* **EXERCISE BRIEF**:
Tally the lines below that contain the word "self". Only the total should be given.

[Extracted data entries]

□ □ □ □

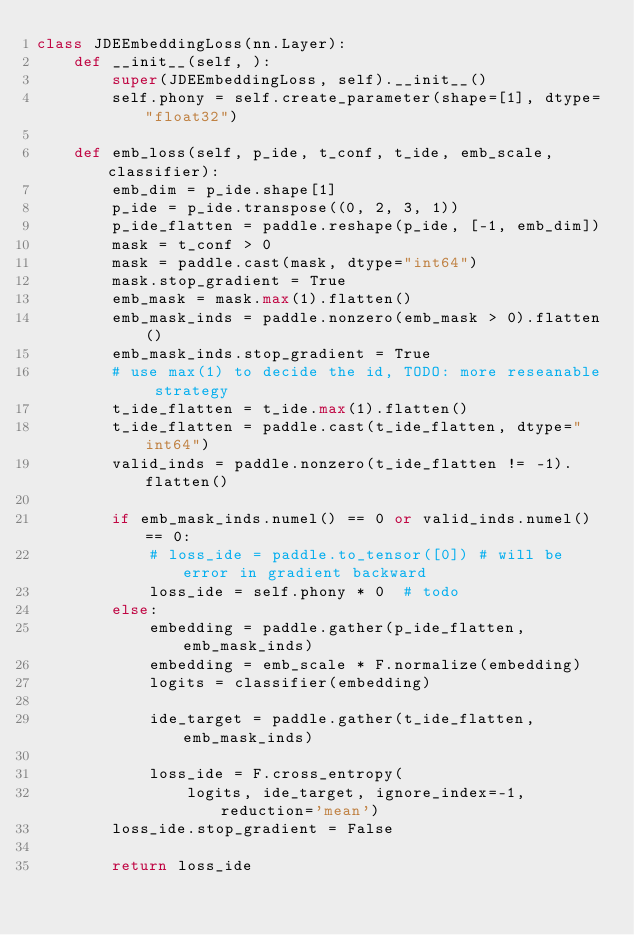<code> <loc_0><loc_0><loc_500><loc_500><_Python_>class JDEEmbeddingLoss(nn.Layer):
    def __init__(self, ):
        super(JDEEmbeddingLoss, self).__init__()
        self.phony = self.create_parameter(shape=[1], dtype="float32")

    def emb_loss(self, p_ide, t_conf, t_ide, emb_scale, classifier):
        emb_dim = p_ide.shape[1]
        p_ide = p_ide.transpose((0, 2, 3, 1))
        p_ide_flatten = paddle.reshape(p_ide, [-1, emb_dim])
        mask = t_conf > 0
        mask = paddle.cast(mask, dtype="int64")
        mask.stop_gradient = True
        emb_mask = mask.max(1).flatten()
        emb_mask_inds = paddle.nonzero(emb_mask > 0).flatten()
        emb_mask_inds.stop_gradient = True
        # use max(1) to decide the id, TODO: more reseanable strategy
        t_ide_flatten = t_ide.max(1).flatten()
        t_ide_flatten = paddle.cast(t_ide_flatten, dtype="int64")
        valid_inds = paddle.nonzero(t_ide_flatten != -1).flatten()

        if emb_mask_inds.numel() == 0 or valid_inds.numel() == 0:
            # loss_ide = paddle.to_tensor([0]) # will be error in gradient backward
            loss_ide = self.phony * 0  # todo
        else:
            embedding = paddle.gather(p_ide_flatten, emb_mask_inds)
            embedding = emb_scale * F.normalize(embedding)
            logits = classifier(embedding)

            ide_target = paddle.gather(t_ide_flatten, emb_mask_inds)

            loss_ide = F.cross_entropy(
                logits, ide_target, ignore_index=-1, reduction='mean')
        loss_ide.stop_gradient = False

        return loss_ide
</code>

□ □ □ □

* **OUTPUT BELOW**:
5